#### What is needed:
Using the entries below, copy out all lines where "minimum" is found.

Stored entries
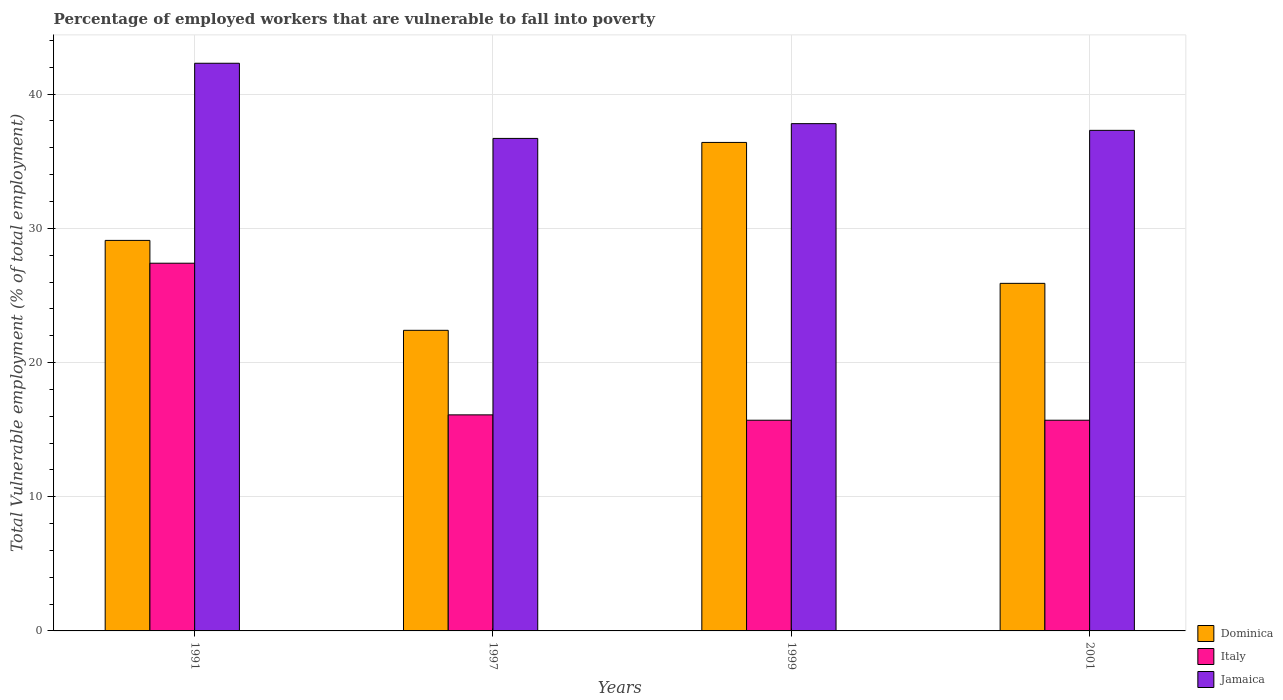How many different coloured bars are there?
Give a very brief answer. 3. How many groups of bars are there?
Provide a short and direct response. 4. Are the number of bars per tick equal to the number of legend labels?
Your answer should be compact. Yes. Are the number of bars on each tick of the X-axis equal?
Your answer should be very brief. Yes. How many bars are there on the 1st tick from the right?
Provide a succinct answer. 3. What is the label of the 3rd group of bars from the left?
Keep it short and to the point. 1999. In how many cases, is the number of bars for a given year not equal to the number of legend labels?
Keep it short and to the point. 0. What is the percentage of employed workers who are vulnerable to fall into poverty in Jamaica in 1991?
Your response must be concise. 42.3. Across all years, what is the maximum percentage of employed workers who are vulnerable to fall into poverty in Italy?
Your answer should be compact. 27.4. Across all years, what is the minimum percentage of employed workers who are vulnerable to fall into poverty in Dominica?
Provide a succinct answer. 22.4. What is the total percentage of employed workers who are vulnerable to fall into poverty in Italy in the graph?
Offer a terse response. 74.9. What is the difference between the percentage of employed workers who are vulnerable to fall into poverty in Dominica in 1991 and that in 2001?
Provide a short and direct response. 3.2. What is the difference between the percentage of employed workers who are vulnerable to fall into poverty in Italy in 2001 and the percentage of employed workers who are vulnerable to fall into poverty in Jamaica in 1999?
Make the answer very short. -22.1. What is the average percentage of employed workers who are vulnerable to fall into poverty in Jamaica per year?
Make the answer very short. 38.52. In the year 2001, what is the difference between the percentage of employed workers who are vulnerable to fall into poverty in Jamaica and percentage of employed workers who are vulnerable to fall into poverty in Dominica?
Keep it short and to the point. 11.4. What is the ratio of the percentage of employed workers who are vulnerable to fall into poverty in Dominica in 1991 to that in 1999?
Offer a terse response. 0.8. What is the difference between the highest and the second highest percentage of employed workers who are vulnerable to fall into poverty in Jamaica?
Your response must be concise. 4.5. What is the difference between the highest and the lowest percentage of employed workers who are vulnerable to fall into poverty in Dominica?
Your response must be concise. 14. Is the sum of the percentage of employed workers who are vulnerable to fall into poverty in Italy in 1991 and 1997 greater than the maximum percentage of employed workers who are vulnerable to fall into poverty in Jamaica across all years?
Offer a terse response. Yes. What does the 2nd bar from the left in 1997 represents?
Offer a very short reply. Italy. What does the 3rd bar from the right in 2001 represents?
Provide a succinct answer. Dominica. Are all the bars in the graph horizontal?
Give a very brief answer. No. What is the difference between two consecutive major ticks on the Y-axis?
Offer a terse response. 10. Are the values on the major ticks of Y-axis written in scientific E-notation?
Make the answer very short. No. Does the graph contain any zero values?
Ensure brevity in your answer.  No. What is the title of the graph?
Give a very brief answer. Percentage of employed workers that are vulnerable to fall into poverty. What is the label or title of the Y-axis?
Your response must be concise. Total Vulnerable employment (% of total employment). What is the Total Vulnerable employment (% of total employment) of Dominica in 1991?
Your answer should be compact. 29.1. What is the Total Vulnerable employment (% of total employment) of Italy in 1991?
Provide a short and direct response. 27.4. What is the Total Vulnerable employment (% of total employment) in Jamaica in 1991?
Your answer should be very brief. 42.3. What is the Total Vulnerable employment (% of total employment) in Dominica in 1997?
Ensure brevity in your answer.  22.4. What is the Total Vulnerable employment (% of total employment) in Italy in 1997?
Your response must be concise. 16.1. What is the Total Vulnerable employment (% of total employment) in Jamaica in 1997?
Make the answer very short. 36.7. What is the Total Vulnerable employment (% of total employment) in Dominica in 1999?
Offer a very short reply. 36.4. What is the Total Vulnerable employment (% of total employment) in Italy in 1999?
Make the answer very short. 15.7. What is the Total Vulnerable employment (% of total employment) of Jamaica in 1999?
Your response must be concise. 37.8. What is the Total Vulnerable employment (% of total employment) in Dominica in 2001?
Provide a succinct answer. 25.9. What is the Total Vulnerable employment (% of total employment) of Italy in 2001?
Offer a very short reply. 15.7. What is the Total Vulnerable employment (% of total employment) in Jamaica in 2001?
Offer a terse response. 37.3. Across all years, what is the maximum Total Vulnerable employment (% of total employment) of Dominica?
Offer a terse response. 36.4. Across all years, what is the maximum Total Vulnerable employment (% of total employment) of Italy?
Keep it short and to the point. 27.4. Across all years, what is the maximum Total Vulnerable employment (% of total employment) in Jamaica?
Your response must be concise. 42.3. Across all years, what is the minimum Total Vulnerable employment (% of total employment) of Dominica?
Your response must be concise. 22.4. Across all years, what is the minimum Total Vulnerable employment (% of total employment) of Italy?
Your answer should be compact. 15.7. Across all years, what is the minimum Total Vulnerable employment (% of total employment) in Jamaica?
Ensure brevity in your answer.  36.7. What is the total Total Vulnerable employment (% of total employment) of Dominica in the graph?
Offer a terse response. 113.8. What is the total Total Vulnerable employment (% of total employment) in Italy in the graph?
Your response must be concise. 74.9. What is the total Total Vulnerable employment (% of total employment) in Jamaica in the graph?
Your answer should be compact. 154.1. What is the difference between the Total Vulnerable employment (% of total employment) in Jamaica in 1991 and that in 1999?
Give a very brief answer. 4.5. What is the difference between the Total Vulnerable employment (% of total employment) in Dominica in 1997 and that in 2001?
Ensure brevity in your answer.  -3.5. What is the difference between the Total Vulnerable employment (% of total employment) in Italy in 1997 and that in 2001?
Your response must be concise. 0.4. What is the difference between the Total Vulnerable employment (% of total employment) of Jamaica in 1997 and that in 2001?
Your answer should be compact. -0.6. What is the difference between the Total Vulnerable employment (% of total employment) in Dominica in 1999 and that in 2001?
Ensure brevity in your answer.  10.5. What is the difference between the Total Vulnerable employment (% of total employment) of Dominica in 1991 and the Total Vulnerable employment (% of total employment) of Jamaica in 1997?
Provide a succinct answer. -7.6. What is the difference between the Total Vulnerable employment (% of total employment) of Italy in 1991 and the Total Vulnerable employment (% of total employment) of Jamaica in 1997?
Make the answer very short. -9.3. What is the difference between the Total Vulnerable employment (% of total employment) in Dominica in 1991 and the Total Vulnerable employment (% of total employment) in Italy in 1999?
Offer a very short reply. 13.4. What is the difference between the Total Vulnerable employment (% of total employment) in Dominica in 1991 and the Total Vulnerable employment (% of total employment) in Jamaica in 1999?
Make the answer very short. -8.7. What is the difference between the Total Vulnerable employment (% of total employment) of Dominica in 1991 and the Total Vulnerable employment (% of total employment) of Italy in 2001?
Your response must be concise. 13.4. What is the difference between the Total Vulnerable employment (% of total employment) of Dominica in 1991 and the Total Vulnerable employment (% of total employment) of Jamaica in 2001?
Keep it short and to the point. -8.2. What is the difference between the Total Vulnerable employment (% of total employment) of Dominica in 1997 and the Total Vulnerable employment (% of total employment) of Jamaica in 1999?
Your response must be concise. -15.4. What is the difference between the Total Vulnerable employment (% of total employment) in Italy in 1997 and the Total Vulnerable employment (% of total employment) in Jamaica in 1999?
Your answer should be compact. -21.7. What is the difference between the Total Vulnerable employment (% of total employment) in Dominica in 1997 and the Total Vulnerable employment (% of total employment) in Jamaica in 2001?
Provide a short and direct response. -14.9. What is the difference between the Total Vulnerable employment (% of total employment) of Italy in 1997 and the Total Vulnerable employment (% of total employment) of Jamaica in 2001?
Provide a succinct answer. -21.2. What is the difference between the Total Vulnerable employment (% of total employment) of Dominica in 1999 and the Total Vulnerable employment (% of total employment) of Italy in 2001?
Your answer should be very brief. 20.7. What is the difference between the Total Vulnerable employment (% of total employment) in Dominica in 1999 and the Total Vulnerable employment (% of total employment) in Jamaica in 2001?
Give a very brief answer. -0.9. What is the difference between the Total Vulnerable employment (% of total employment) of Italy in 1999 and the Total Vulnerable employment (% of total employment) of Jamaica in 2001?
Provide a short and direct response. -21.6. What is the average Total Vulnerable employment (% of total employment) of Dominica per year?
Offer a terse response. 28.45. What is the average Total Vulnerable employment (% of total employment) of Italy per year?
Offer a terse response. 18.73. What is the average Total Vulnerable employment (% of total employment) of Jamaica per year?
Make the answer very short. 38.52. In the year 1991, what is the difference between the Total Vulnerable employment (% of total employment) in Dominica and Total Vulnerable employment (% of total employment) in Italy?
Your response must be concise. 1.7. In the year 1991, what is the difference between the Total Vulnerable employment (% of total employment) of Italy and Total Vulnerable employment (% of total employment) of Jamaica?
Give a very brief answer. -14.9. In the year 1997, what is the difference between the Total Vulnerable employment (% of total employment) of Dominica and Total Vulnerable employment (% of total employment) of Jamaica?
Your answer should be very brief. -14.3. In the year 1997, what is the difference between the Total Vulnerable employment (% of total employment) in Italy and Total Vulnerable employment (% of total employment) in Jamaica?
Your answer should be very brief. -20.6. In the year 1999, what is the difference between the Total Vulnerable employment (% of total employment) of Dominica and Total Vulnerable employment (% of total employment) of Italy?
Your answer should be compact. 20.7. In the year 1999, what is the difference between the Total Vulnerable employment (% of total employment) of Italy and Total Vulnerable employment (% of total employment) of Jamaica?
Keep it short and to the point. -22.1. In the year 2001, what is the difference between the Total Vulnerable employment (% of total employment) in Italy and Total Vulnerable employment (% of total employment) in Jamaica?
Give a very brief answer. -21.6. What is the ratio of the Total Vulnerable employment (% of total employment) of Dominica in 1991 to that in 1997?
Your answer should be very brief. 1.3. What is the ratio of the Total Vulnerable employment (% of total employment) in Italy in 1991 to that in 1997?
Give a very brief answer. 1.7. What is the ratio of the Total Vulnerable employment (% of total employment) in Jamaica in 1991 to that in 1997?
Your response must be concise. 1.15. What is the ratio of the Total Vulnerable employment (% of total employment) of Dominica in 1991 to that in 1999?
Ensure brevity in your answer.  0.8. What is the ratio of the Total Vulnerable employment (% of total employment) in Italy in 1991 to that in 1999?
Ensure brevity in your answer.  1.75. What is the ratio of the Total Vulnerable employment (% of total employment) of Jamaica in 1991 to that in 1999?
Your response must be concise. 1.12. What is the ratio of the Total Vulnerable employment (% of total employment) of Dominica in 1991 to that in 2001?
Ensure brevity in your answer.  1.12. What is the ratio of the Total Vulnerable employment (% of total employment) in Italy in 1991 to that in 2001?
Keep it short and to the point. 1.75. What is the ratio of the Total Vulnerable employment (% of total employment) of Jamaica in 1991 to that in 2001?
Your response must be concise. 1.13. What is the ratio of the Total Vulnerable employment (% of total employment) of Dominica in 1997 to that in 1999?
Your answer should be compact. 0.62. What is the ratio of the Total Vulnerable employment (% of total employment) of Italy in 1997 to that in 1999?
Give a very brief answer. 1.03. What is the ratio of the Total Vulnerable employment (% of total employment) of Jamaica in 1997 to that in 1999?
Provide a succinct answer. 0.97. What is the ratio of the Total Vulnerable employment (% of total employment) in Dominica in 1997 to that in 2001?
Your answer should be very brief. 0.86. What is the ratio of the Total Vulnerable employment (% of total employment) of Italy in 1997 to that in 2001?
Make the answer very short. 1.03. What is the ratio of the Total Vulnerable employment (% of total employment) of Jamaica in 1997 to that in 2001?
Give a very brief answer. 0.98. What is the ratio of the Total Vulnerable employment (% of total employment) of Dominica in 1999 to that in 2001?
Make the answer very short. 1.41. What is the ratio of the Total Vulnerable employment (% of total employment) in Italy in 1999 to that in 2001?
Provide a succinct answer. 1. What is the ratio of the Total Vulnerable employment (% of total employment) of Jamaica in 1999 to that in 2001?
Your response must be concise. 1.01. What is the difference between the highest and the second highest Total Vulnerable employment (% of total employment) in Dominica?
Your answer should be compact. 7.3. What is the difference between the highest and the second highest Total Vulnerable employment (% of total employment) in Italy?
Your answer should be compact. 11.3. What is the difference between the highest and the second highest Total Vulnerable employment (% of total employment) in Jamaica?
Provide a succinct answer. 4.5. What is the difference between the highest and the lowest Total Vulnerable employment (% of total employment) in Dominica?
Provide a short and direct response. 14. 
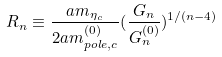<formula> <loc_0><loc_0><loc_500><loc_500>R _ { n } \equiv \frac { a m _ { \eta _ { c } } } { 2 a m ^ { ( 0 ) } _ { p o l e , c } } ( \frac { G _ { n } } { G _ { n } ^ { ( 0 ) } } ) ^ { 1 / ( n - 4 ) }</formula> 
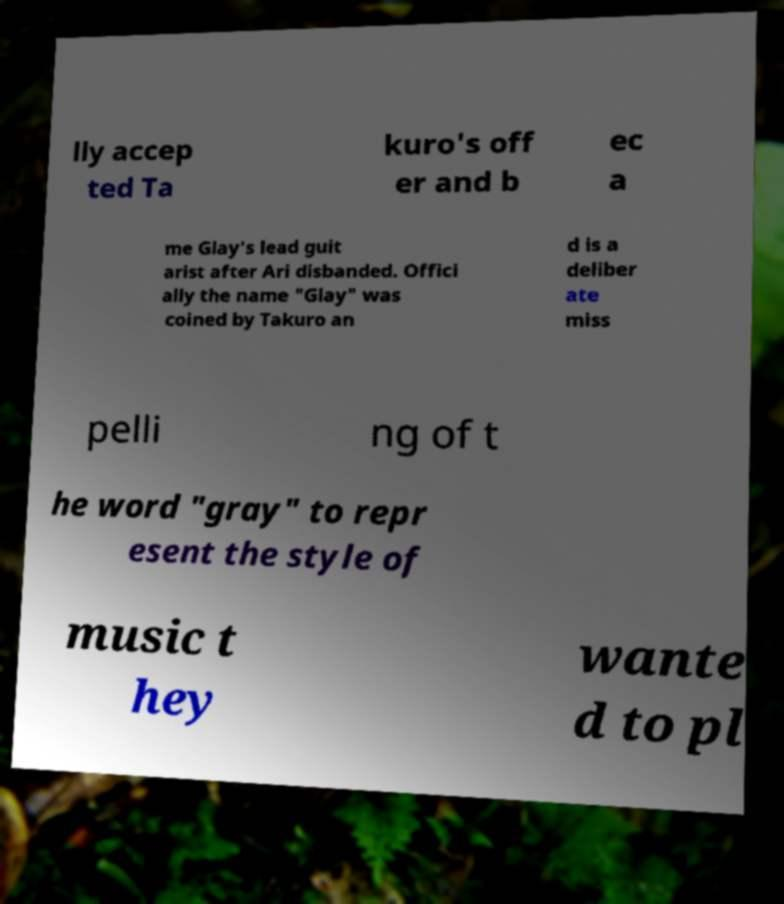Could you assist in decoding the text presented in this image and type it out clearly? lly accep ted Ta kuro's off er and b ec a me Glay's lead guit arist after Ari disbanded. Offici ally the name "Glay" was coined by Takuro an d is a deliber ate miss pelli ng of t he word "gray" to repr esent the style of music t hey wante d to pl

#### Response area:
Your answer should be compact. 27.4. Across all years, what is the minimum percentage of employed workers who are vulnerable to fall into poverty in Dominica?
Your response must be concise. 42.3. Across all years, what is the minimum Total Vulnerable employment (% of total employment) of Dominica?
Your response must be concise. 22.4. Across all years, what is the minimum Total Vulnerable employment (% of total employment) of Italy?
Your answer should be compact. 15.7. Across all years, what is the minimum Total Vulnerable employment (% of total employment) in Jamaica?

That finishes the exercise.